United Nations officials addressed the humanitarian situation in Gaza as Israeli and Palestinian UN representatives accused one another of targeting medical facilities during a UN Security Council briefing Friday. 

The meeting began with a minute of silence for the deaths of Palestinians, Israeli citizens and foreign nationals, as well as UN officials and journalists in Gaza and the West Bank.

While describing the dire situation unfolding in Gaza, World Health Organization (WHO) Director-General Tedros Ghebreyesussaid there are “morgues overflowing; surgery without anesthesia; tens of thousands of displaced people sheltering at hospitals.”

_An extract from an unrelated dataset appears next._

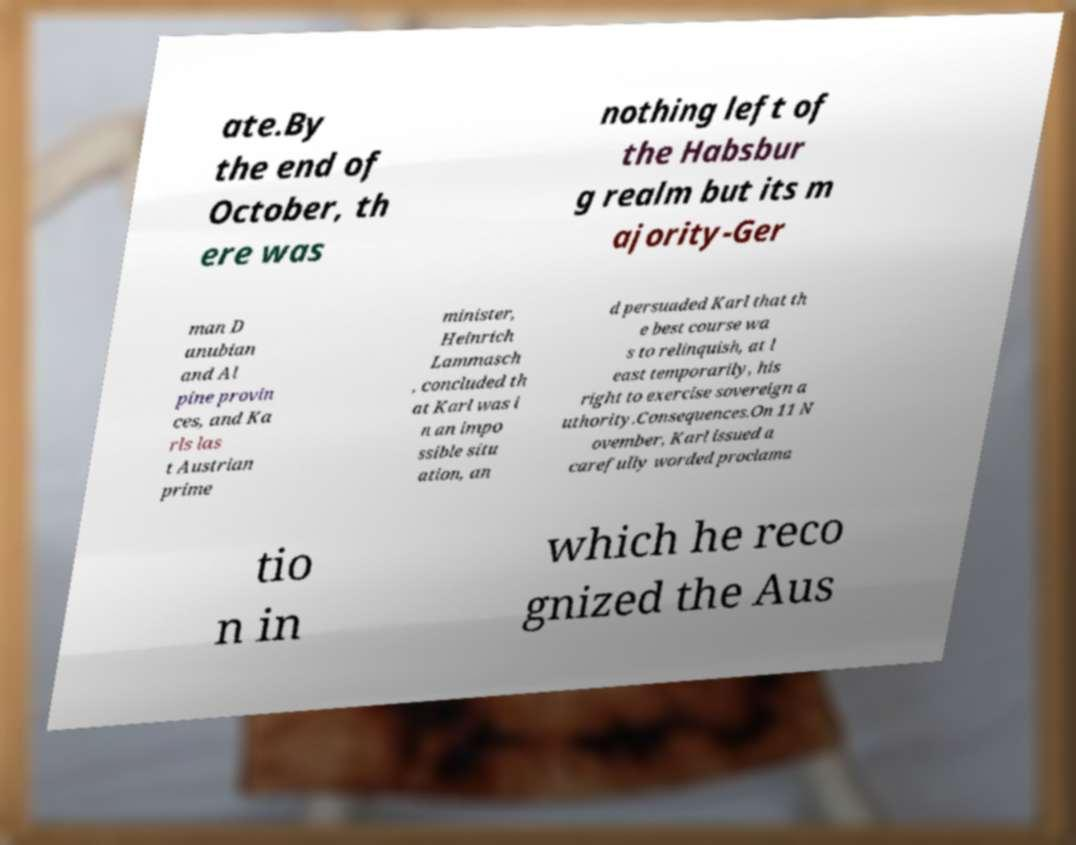I need the written content from this picture converted into text. Can you do that? ate.By the end of October, th ere was nothing left of the Habsbur g realm but its m ajority-Ger man D anubian and Al pine provin ces, and Ka rls las t Austrian prime minister, Heinrich Lammasch , concluded th at Karl was i n an impo ssible situ ation, an d persuaded Karl that th e best course wa s to relinquish, at l east temporarily, his right to exercise sovereign a uthority.Consequences.On 11 N ovember, Karl issued a carefully worded proclama tio n in which he reco gnized the Aus 
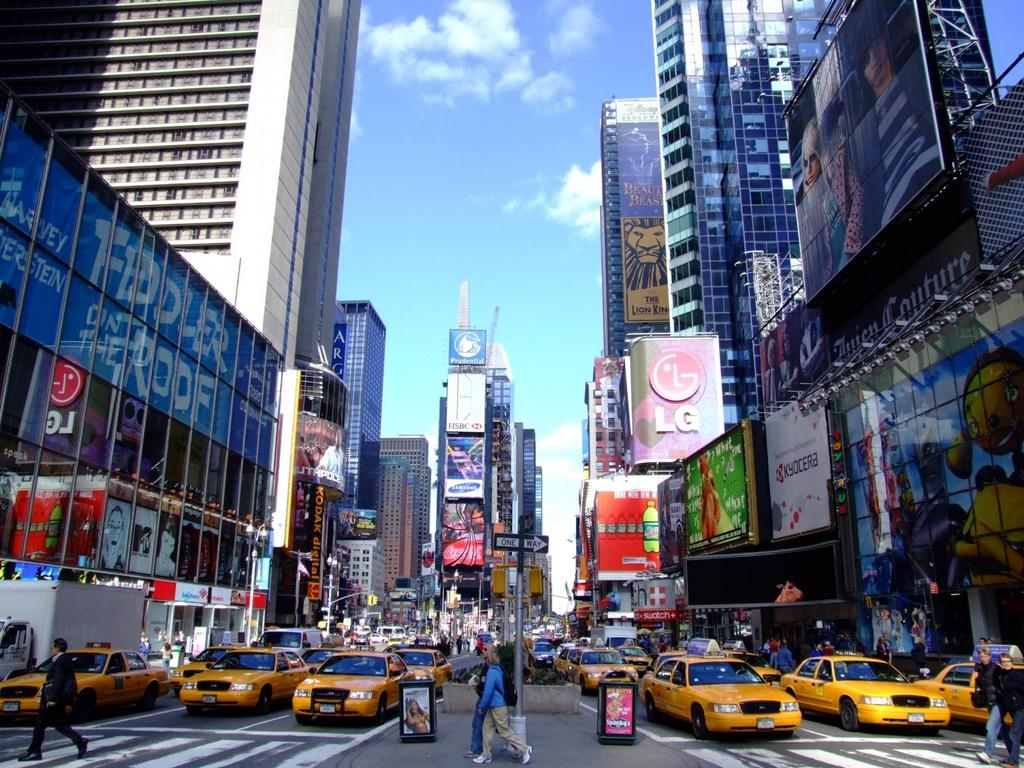<image>
Describe the image concisely. An advertisement for Lion King is on skyscraper in a busy city.

Ghebreyesus said the WHO has verified more than 250 attacks on health care in Gaza and the West Bank since October 7. The WHO also identified 25 attacks on health care in Israel, he said. 

Tedros Ghebreyesus, director-general of the World Health Organization, and Ambassador Riyad Mansour, the Permanent Observer of the State of Palestine to the United Nations, attend a UN Security Council meeting on November 10.

Lana Nusseibeh, the UN representative for the United Arab Emirates, was the person who asked for the meeting to take place. She called on Israel to “end its siege on Gaza.”

The Israeli and Palestinian UN representatives traded accusations of targeting medical facilities. 

Ambassador Riyad Mansour, the Permanent Observer of the State of Palestine to the UN,  pleaded for UN countries to “stop the massacre.” 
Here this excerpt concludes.